Amano Hodaka, Miura Fumihiko, Toyota Naoyuki, Wada Keita, Katoh Ken-ichirou, Hayano Kouichi, Kadowaki Susumu, Shibuya Makoto, Maeno Sawako, Eguchi Tomoaki, Takada Tadahiro, Asano Takehide
Department of Surgery, Teikyo University School of Medicine, 2-11-1 Kaga-cho, Itabashi-ku, Tokyo 173-8605, Japan.
J Hepatobiliary Pancreat Surg. 2009;16(6):777-80. doi: 10.1007/s00534-009-0202-7.
BACKGROUND/PURPOSE: The resectability of locally advanced pancreatic cancer depends upon, before anything else, the relationship between the tumor and the adjacent arterial structure. Pancreatic cancer that has developed at the caudal side of the pancreas can invade the common hepatic artery (CHA). Pancreatic cancers with CHA involvement can become candidates for surgery in selected cases. Pancreatic cancer arising at the caudal side of the pancreas head may sometimes invade the right and left hepatic arteries (RLHA) as well as the CHA. Pancreatic cancer with RLHA involvement may be assessed as unresectable unless complex vascular reconstruction is performed.
We have experienced 3 cases of successfully resected pancreatic cancer with RLHA and portal vein (PV) invasion. Pancreatectomy (including total pancreatectomy in two cases and pancreatoduodenectomy in one case) with RLHA and PV reconstruction was performed. Three different techniques of arterial reconstruction that were suitable for the individual cases were used. They were: (1) end-to-end anastomosis between the CHA and the left hepatic artery (LHA) and end-to-end anastomosis between the middle hepatic artery (MHA) and the right hepatic artery (RHA), (2) end-to-end anastomosis between the left gastric artery (LGA) and the RHA and end-to-end anastomosis between the right gastroepiploic artery and the LHA, and (3) end-to-side anastomosis between the splenic artery (SA) and the LHA and end-to-end anastomosis between the SA and the RHA.
The mean operating time was 735 min (range 686-800 min) and the mean blood loss was 1726 ml (range 1140-2230 ml). Microscopic curative resection (R0) was possible in all cases even if their International Union Against Cancer (UICC) stage was IIb. There was one case of wound infection, although no serious complications, including hepatic artery thrombosis, liver failure, or biliary fistula were observed. By follow-up three-dimensional computed tomography (3D-CT) angiography, the patency of the anastomosed artery was confirmed to be maintained in all three cases.
R0 operation with 3 different arterial reconstruction techniques was able to be performed without presenting any risk.
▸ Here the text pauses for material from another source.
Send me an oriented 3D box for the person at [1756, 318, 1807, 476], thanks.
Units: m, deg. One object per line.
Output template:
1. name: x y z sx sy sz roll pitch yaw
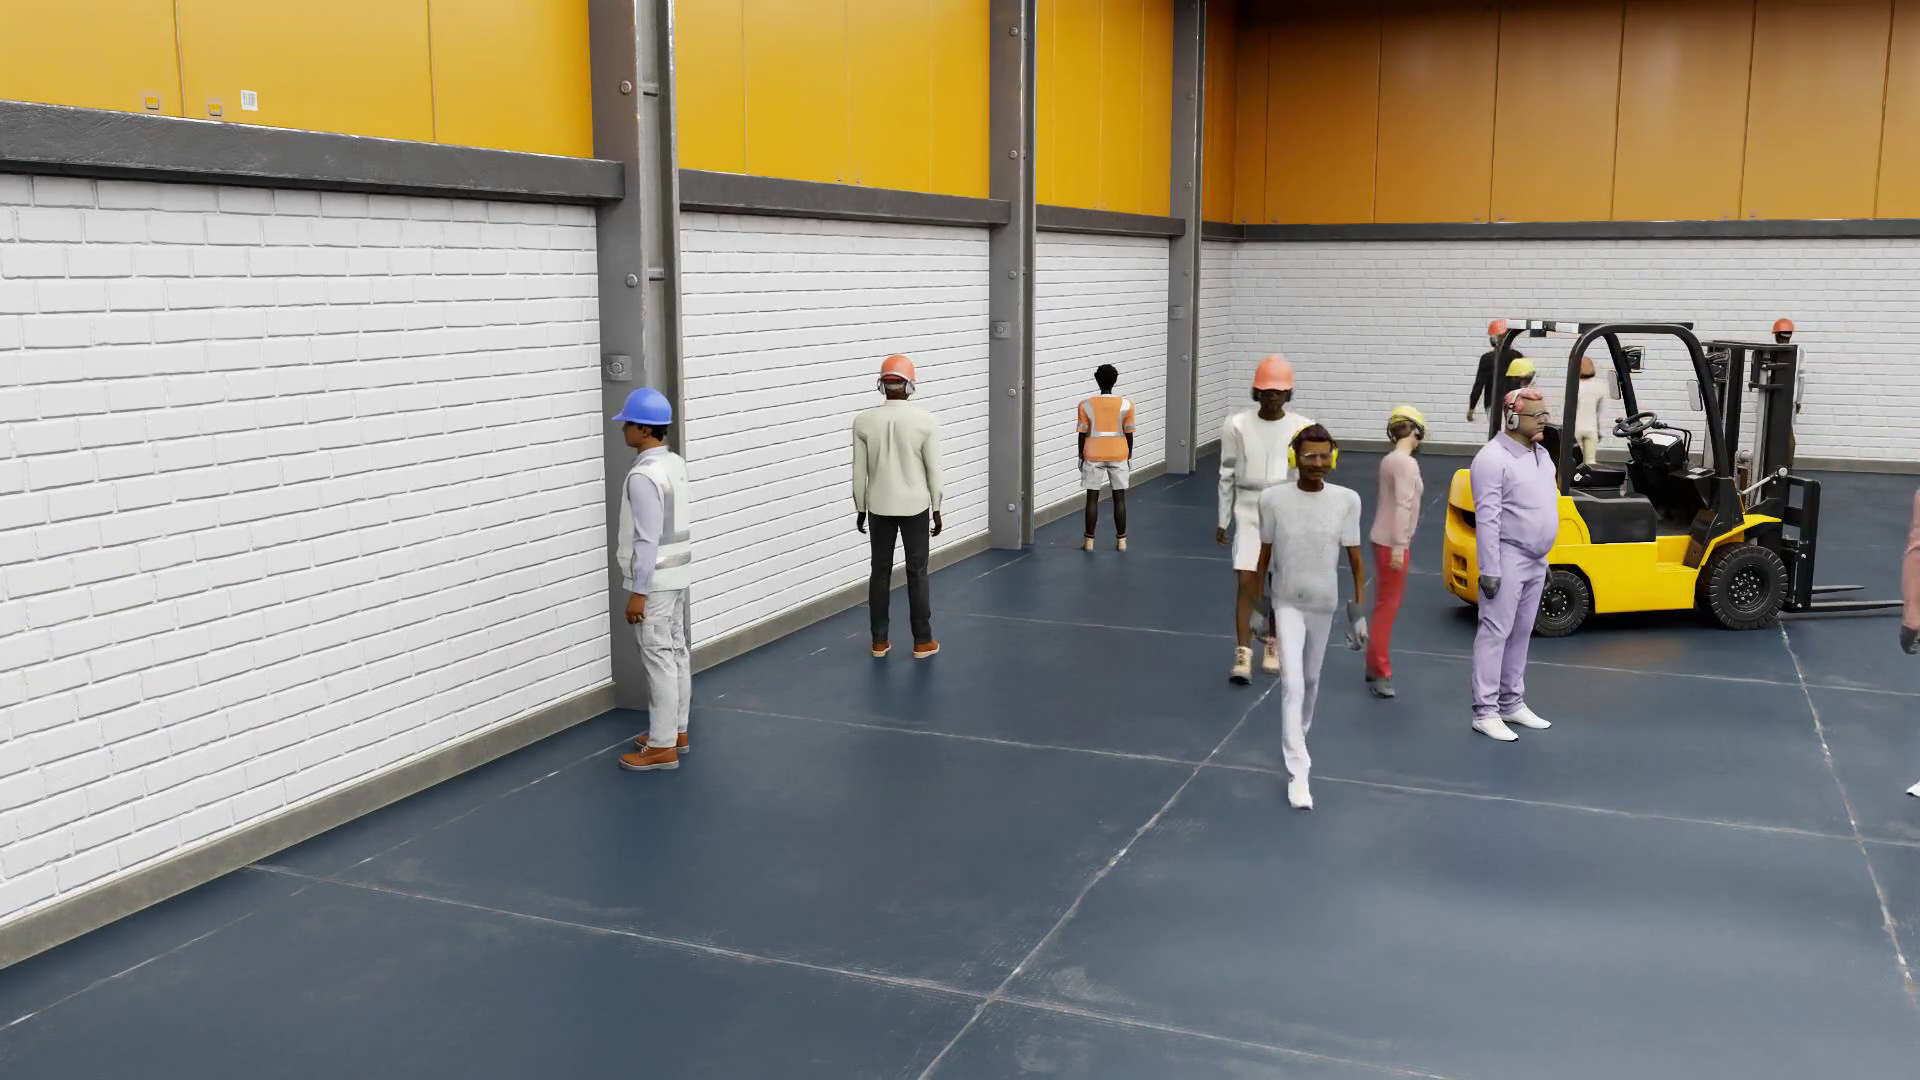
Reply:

背景/目的:局部进展期胰腺癌的可切除性首先取决于肿瘤与相邻动脉结构之间的关系。发生在胰腺尾侧的胰腺癌可侵犯肝总动脉(CHA)。累及CHA的胰腺癌在某些情况下可成为手术候选对象。起源于胰头尾侧的胰腺癌有时可侵犯左右肝动脉(RLHA)以及CHA。累及RLHA的胰腺癌除非进行复杂的血管重建,否则可能被评估为不可切除。
我们有3例累及RLHA和门静脉(PV)的胰腺癌成功切除病例。进行了RLHA和PV重建的胰腺切除术(2例为全胰切除术,1例为胰十二指肠切除术)。采用了三种适合个体病例的不同动脉重建技术。它们分别是:(1)CHA与左肝动脉(LHA)端端吻合以及肝中动脉(MHA)与右肝动脉(RHA)端端吻合;(2)胃左动脉(LGA)与RHA端端吻合以及胃网膜右动脉与LHA端端吻合;(3)脾动脉(SA)与LHA端侧吻合以及SA与RHA端端吻合。
平均手术时间为735分钟(范围686 - 800分钟),平均失血量为1726毫升(范围1140 - 2230毫升)。即使国际抗癌联盟(UICC)分期为IIb期,所有病例均有可能实现显微镜下根治性切除(R0)。有1例伤口感染,不过未观察到包括肝动脉血栓形成、肝衰竭或胆瘘在内的严重并发症。通过随访三维计算机断层扫描(3D - CT)血管造影,证实所有3例吻合动脉均保持通畅。
采用3种不同动脉重建技术能够进行R0手术且无任何风险。